Vous êtes dans la rubrique > Archives > Inde : Les naxalites aujourd’hui

Inde : Les naxalites aujourd’hui

Partisan N°230 - été 2009

Lorsque les camarades du PCI-maoïste continuent à définir l’Inde comme « pays semi-colonial et semi-féodal », on est en droit de s’interroger sur cette nature « semi-coloniale » de la 6e puissance économique du monde.

« SEMI-COLONIALE ».

Ayant développé ses forces productives à l’abri d’un système protectionniste quasi-autarcique voulu par Nehru, et maintenu par sa fille Indira Gandhi, l’Inde n’est entrée dans le circuit des échanges marchands et financiers du libéralisme mondialisé que lorsqu’elle a été en mesure de jouer la carte de son propre impérialisme en se concentrant sur certaines productions : mécanique, textile, métallurgie et informatique, entre autres. Que de nombreux groupes capitalistes étrangers investissent en Inde, attirés par des conditions d’exploitation avantageuses (comme les ZES, zones franches offertes aux multinationales), ne fait pas de ce pays une « semi-colonie ». La plupart des ZES sont en effet attribuées à des sociétés indiennes, ou à capital mixte, voulant se placer à un niveau compétitif sur le marché mondial. On pense ici plus au néo-capitalisme chinois qu’au néo-colonialisme imposé à l’Amérique latine ou à l’Afrique. Les trusts monopolistes indiens – tels Tata ou Mittal – cherchent à consolider leur hégémonie dans le domaine des industries mécaniques et métallurgiques largement audelà des frontières indiennes.

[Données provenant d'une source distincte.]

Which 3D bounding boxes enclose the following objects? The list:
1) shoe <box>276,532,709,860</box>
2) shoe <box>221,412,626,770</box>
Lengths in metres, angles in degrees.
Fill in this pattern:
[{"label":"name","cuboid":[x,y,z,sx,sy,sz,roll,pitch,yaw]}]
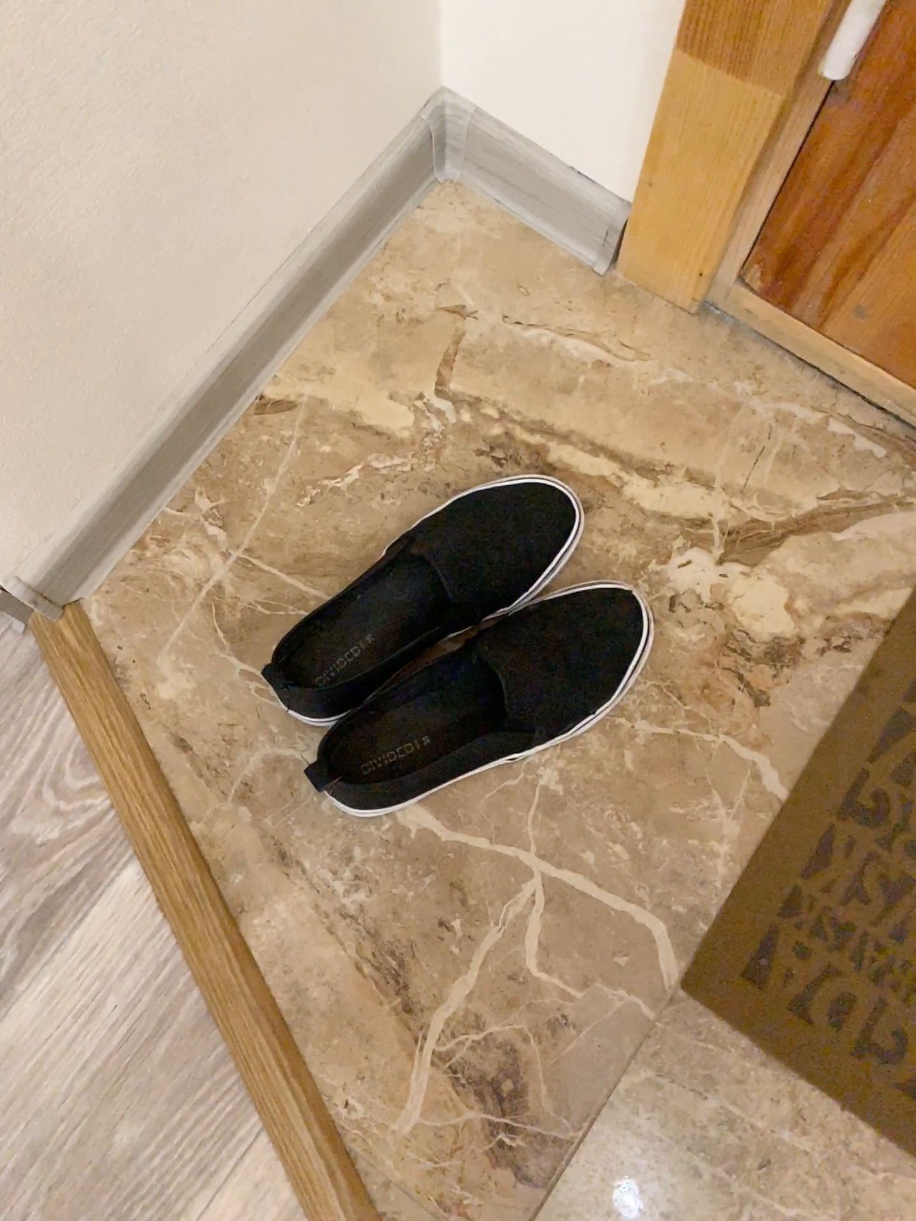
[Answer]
[{"label":"shoe","cuboid":[0.022,0.055,0.597,0.250,0.060,0.090,-28,77,-7]},{"label":"shoe","cuboid":[-0.019,-0.013,0.613,0.250,0.060,0.090,-38,78,-10]}]
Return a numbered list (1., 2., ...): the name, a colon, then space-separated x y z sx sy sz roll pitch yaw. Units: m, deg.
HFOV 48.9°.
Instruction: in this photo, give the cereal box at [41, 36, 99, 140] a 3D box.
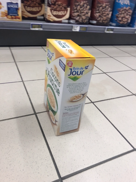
1. cereal box: -0.014 -0.016 0.391 0.070 0.209 0.160 -6 32 -22
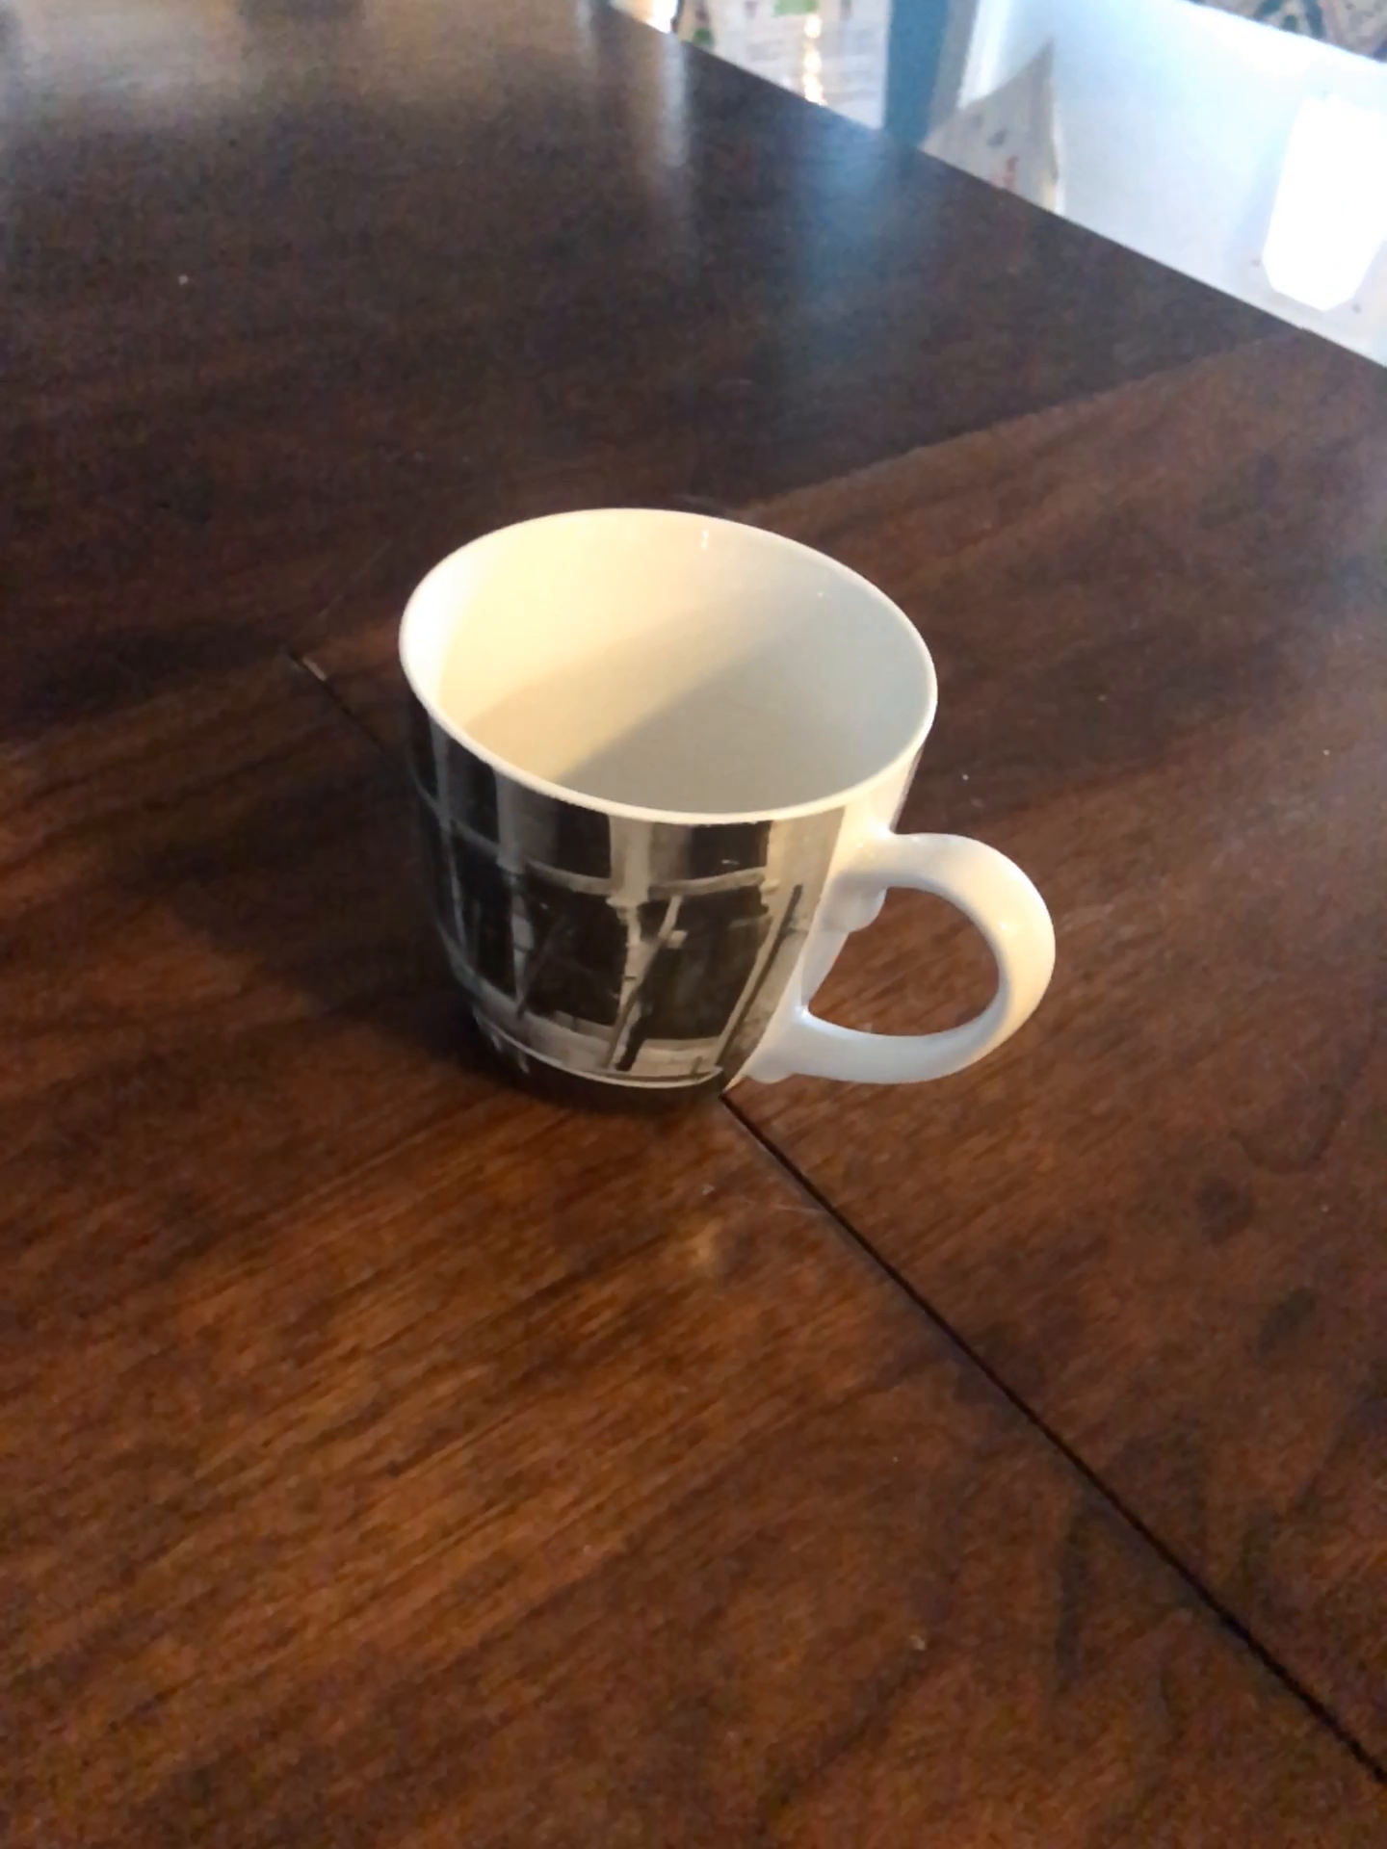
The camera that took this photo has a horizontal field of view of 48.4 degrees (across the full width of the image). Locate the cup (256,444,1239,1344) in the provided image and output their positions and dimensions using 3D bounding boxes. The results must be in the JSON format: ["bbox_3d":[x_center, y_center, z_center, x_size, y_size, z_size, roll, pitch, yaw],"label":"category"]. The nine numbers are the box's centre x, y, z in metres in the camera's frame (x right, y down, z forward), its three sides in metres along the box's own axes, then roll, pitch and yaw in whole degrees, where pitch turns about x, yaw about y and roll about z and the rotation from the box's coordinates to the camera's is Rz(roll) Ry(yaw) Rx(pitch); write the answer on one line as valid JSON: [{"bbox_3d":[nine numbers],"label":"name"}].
[{"bbox_3d":[0.008,-0.014,0.295,0.140,0.080,0.100,29,47,21],"label":"cup"}]
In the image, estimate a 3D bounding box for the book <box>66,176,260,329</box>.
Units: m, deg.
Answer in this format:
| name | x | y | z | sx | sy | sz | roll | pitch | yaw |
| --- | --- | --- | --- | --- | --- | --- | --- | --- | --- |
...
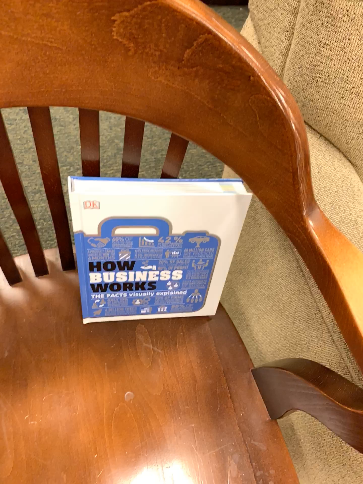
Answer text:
| name | x | y | z | sx | sy | sz | roll | pitch | yaw |
| --- | --- | --- | --- | --- | --- | --- | --- | --- | --- |
| book | -0.034 | 0.026 | 0.501 | 0.211 | 0.246 | 0.039 | -1 | 46 | -12 |
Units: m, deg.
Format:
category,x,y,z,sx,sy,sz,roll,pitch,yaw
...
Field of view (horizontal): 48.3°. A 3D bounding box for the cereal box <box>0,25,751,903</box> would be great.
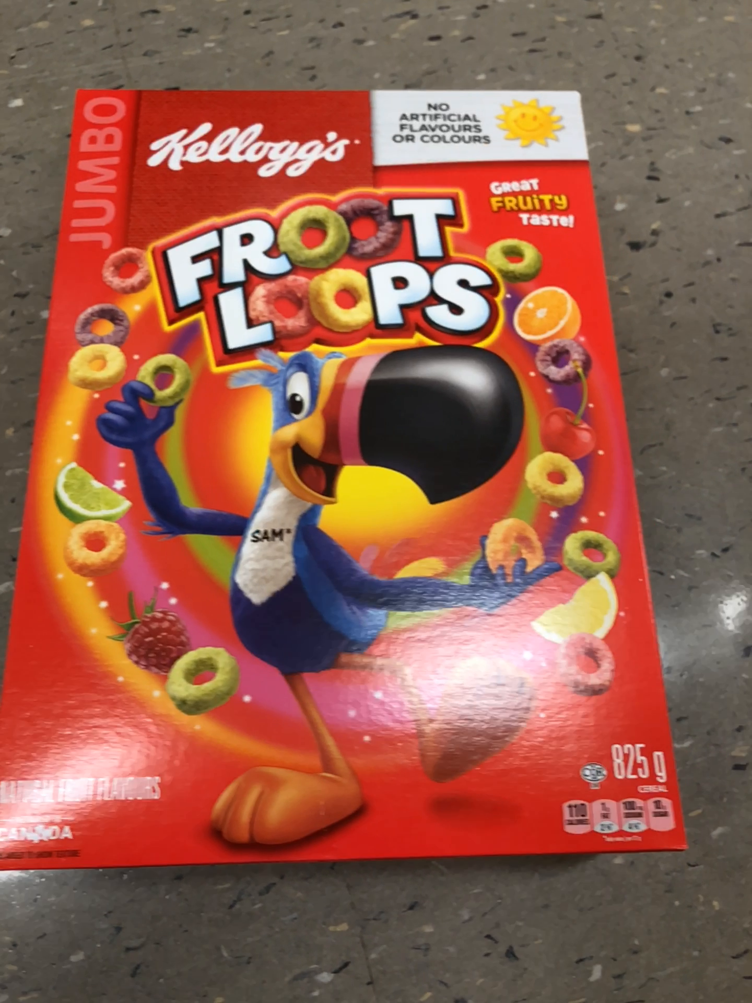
category,x,y,z,sx,sy,sz,roll,pitch,yaw
cereal box,-0.017,-0.037,0.358,0.270,0.080,0.360,-2,68,-2
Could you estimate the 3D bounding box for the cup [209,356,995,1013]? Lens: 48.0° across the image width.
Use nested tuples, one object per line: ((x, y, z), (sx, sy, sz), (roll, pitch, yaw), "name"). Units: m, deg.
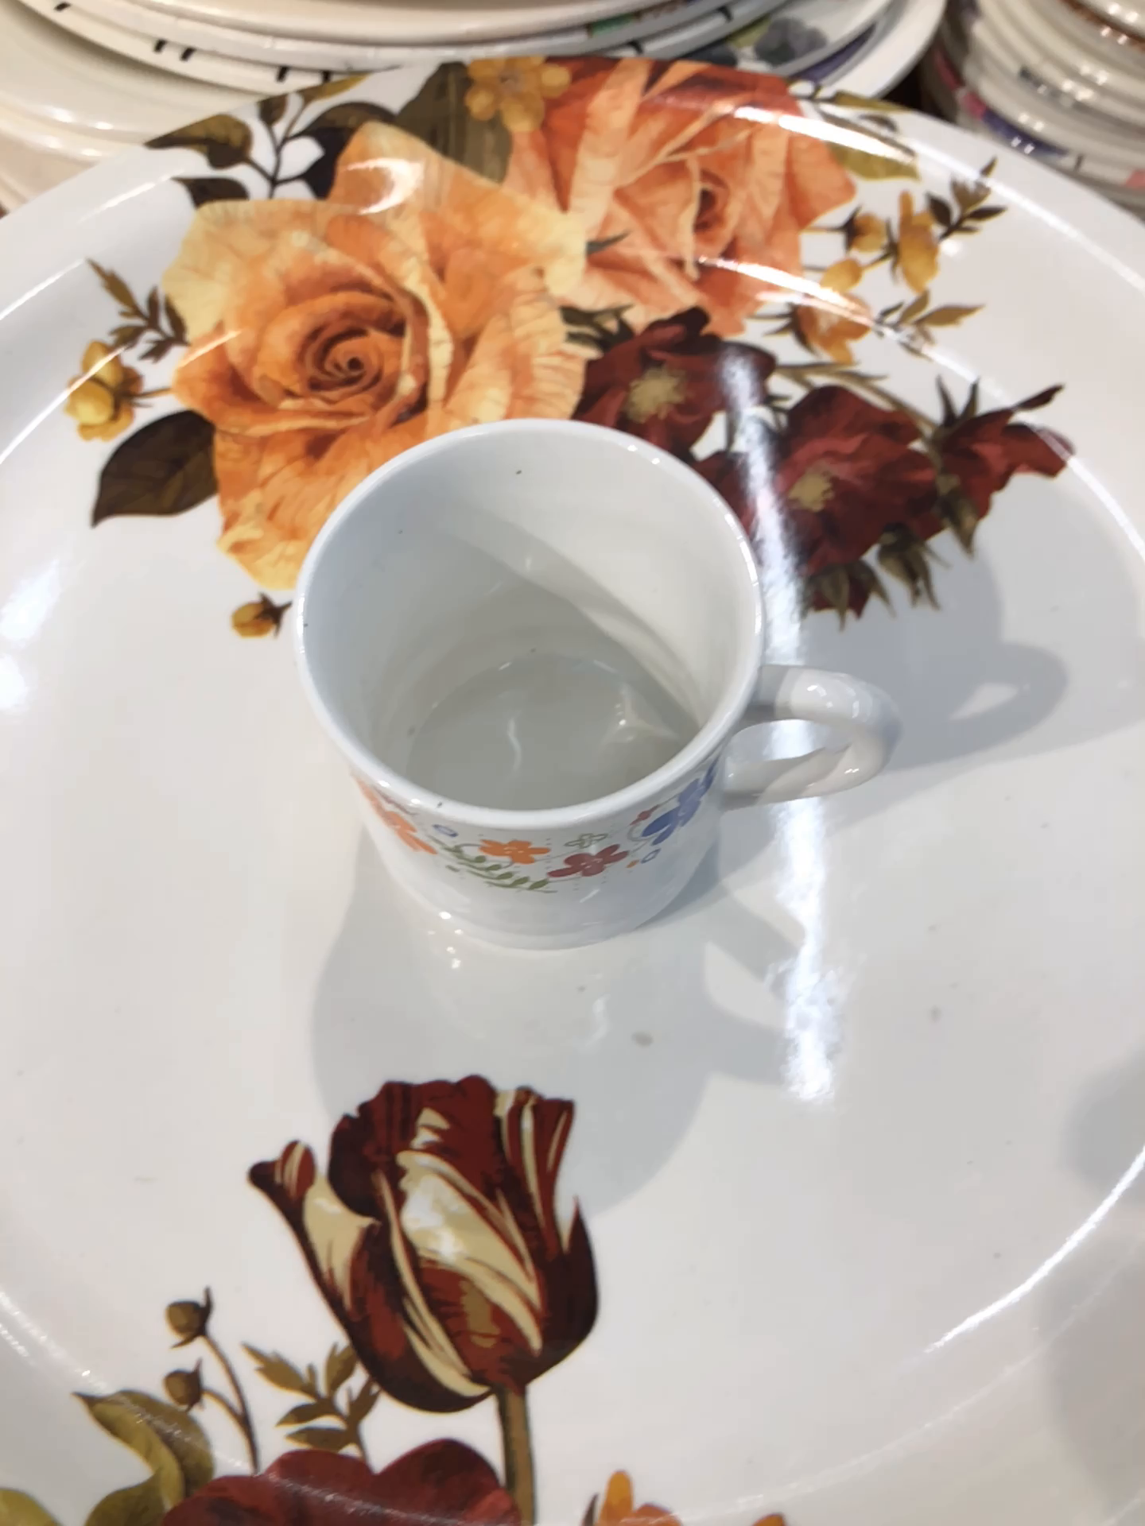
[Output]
((0.007, -0.008, 0.214), (0.100, 0.080, 0.070), (6, 66, 2), "cup")
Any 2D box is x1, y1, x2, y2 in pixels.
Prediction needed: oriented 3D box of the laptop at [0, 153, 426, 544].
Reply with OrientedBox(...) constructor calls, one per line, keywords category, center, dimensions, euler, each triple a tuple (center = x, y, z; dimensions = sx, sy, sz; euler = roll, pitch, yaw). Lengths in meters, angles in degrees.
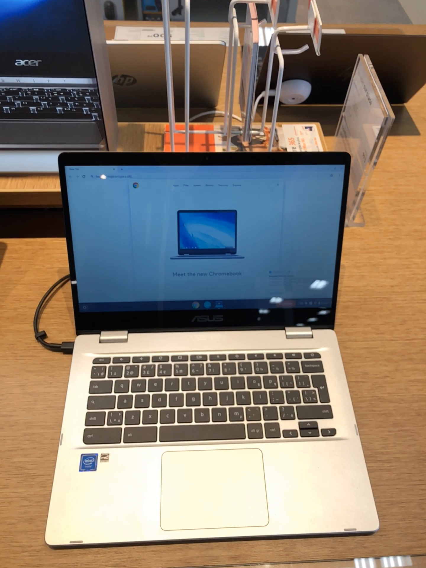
OrientedBox(category="laptop", center=(-0.023, 0.048, 0.471), dimensions=(0.281, 0.186, 0.337), euler=(-2, 52, -6))
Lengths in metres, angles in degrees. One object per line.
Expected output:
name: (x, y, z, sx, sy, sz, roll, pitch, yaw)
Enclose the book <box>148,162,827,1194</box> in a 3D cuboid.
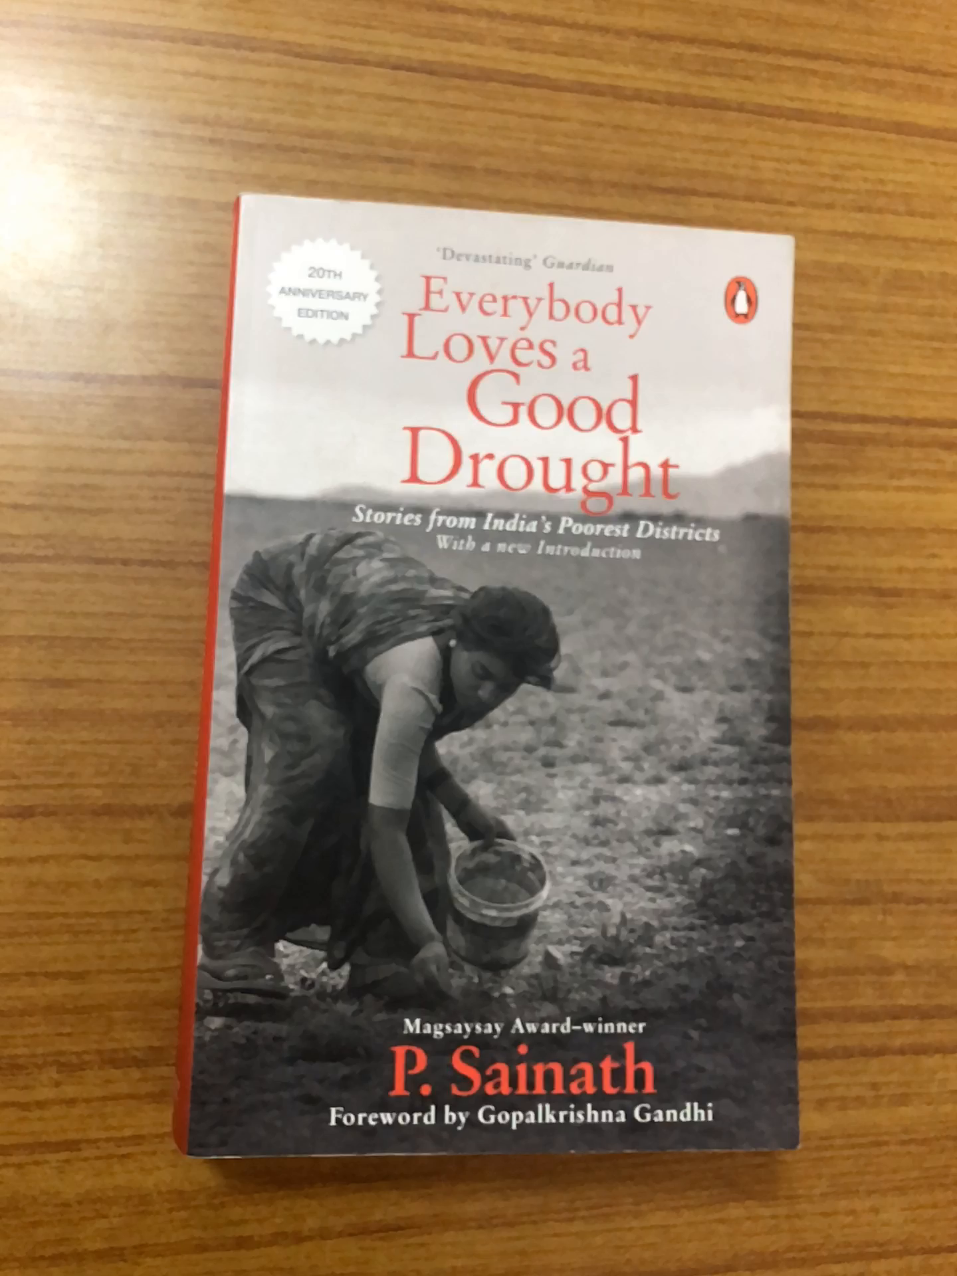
book: (0.006, 0.008, 0.250, 0.140, 0.040, 0.210, 3, 84, -9)

Parler dans ce cas de « bourgeoisie bureaucratique compradore », comme le font encore certains textes du PCI-maoïste, semble plus être un simple calque idéologique qu’une analyse objective des rapports de production contemporains. La bureaucratie développée par le capitalisme d’Etat des années 1950 à 1980, cède la place à une bourgeoisie libérale, industrielle ou d’affaires. Opposer une bourgeoisie « nationale » à une bourgeoisie « compradore » relève de schémas pré-industriels entièrement dépassés par la situation actuelle de la classe dirigeante indienne dans le cadre des rapports de force impérialistes.

« SEMI-FÉODALE ».

La situation « semi-féodale » d’une nation encore à 74% rurale est plus concrète. C’est pour cela que les « naxalites » (le PCI-maoïste et les divers PCI-ml) rencontrent autant d’échos favorables parmi les masses paysannes. Si des réformes agraires ont eu lieu dans les années 1960 et 1970, ce fut surtout pour permettre la mise en oeuvre de la « révolution verte » (intensification industrielle de l’agriculture) soutenue par le capitalisme agro-industriel américain. Ceci a conduit à une redéfinition des rapports de production, d’abord en faveur de la moyenne paysannerie, des groupes agro-industriels indiens ou étrangers, ou de la paysannerie riche ensuite. L’endettement provoqué par la contrainte du rendement (mécanisation, accroissement des surfaces cultivées, usage massif d’engrais chimiques, etc) a amené la ruine des plus précaires, les acculant au départ vers les sous-emplois des villes ou au maintien en tant que main-d’oeuvre journalière surexploitée par les propriétaires terriens et méprisée par une administration corrompue.

SOUTIEN POPULAIRE.

Si, dans les premières années du soulèvement naxalite (1967-1972), c’est essentiellement le lumpen-prolétariat des villes (les « intouchables ») et des champs (les « tribaux aborigènes »), entraîné par les étudiants, qui a soutenu les révolutionnaires du PCI-ml, depuis les années 1980 et la « conversion libérale » de l’économie indienne, la base du soutien populaire au maoïsme s’est nettement élargie. Outre les populations tribales plus que jamais discriminées (expropriées par les trusts puis parquées dans des « hameaux stratégiques » de sinistre mémoire), les paysans endettés, menacés d’expulsion, s’organisent dans des syndicats et associations souvent impulsés par les maoïstes, pour résister au pillage capitaliste des ressources naturelles. Ce phénomène s’est accompagné d’une lente progression de l’influence naxalite dans les villes.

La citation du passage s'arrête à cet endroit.